Alle Jahre wieder: Elf Monate läuft das Geschäft mehr oder weniger gut, in den letzten vier Wochen brummt der Laden auf Teufel komm raus – hoffentlich! Denn wehe, es kommt Sand ins Getriebe. Dann ist Feuer unterm Dach. Darum muss das Jahresendgeschäft gut geplant sein.

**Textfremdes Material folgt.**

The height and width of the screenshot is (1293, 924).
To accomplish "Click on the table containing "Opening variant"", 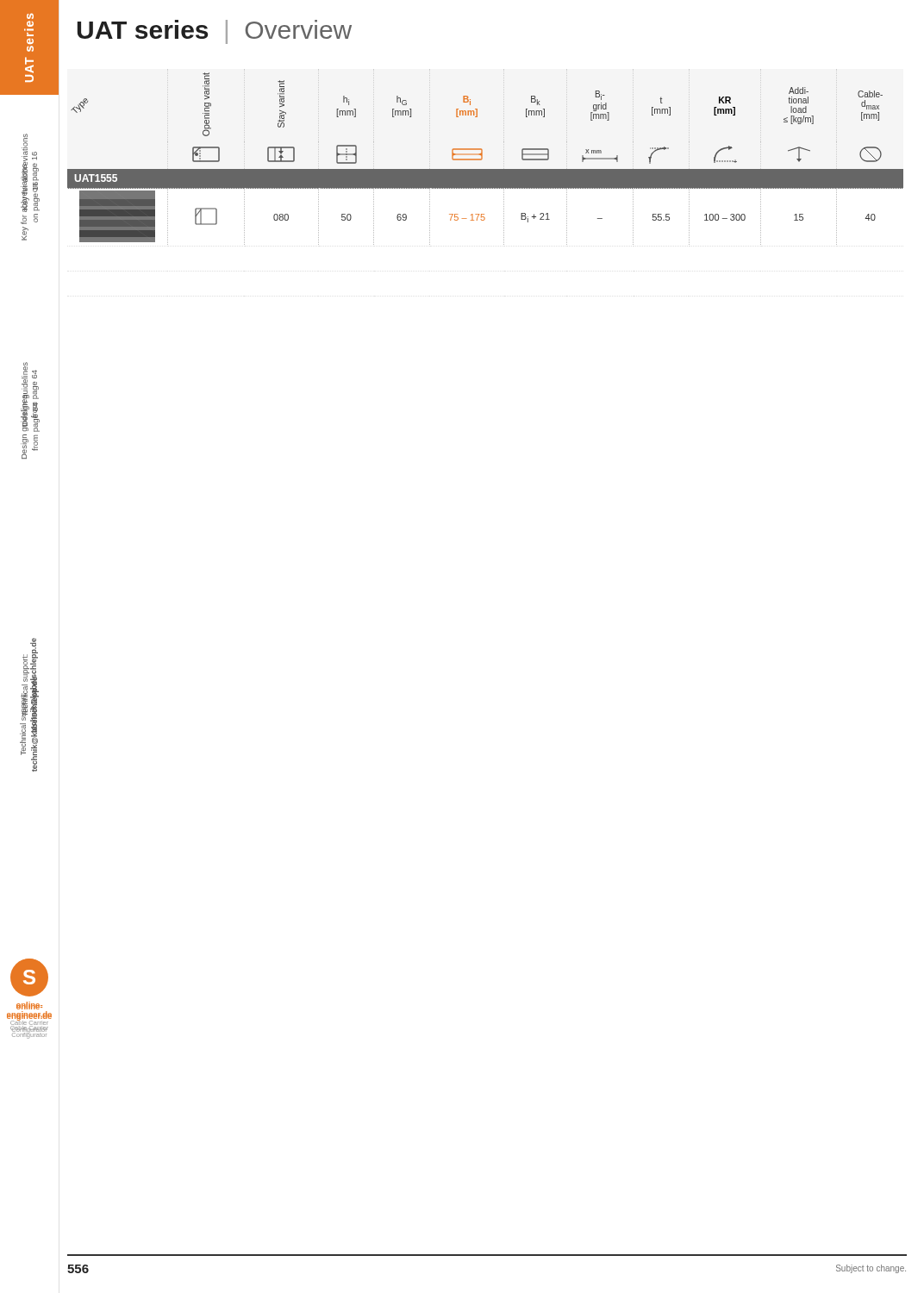I will tap(485, 183).
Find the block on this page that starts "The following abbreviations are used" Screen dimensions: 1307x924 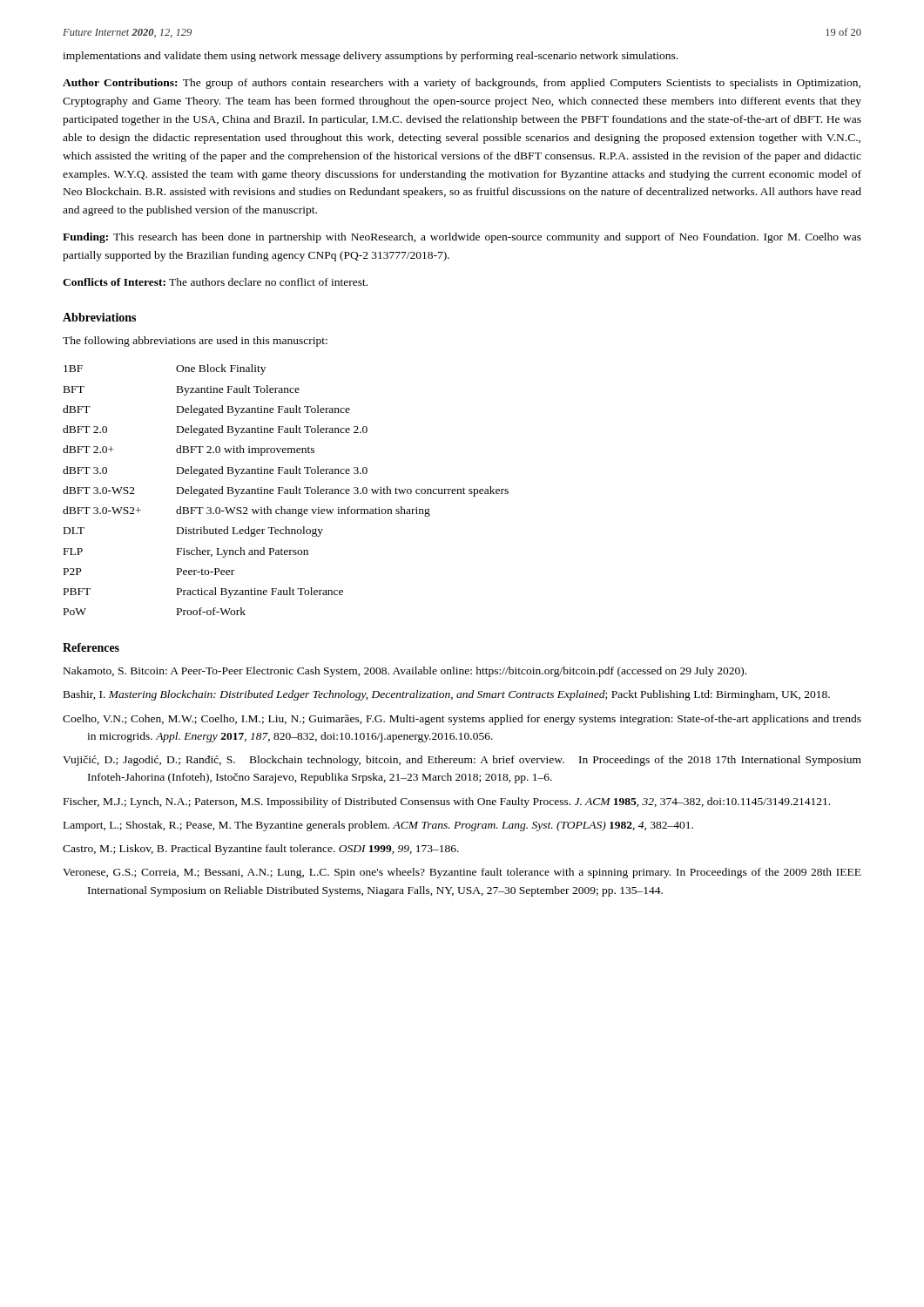coord(195,342)

Nur den Trends hinterherzurennen, ist zu kurzfristig gedacht. Wichtiger ist die Kundschaft – neben der Laufkundschaft ganz besonders die Bestandskunden. Ihre Wünsche und Bedürfnisse muss der TK-Fachhändler kennen, vielleicht auch erahnen, auf jeden Fall sich intensiv mit seiner Kundschaft auseinandersetzen – und dann aktiv auf die Lieferanten zugehen.

So wird nicht nur der Umsatz angekurbelt, sondern auch das Ergebnis verbessert. Dazu noch ein paar Trendprodukte, im Zweifel auch von einem zusätzlichen Lieferanten, dann steht einem guten Weihnachtsgeschäft nichts im Wege. Zumal Provider, Hersteller und Distributoren ebenfalls vom Jahresendgeschäft abhängig sind.